Supplied data:
----

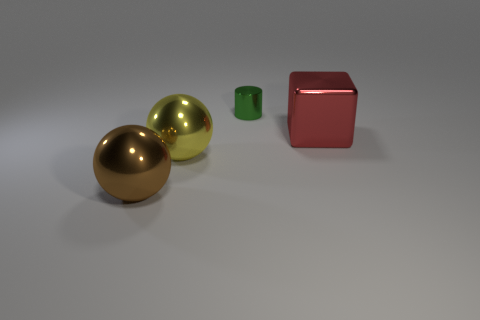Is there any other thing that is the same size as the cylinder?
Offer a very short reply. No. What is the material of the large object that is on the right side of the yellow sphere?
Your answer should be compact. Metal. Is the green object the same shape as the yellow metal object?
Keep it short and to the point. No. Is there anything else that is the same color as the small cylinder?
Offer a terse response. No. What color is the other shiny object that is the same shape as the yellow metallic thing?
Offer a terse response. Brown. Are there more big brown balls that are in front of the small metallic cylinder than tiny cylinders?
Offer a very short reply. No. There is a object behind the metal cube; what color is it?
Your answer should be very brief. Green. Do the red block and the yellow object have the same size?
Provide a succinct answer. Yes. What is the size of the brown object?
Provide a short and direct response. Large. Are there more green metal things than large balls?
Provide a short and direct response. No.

----

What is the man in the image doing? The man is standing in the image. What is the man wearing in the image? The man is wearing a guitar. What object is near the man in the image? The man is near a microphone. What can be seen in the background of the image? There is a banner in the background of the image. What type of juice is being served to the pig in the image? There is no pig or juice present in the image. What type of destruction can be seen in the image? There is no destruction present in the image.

----

Prompt: Copy range, inclusive: the line holding "Provide a short and direct response. Large." to the line holding "Provide a short and direct response. No.". Reproduce exactly those lines of the records above and no others.

Result of this task:
Provide a short and direct response. Large. Are there more green metal things than large balls?
Provide a short and direct response. No.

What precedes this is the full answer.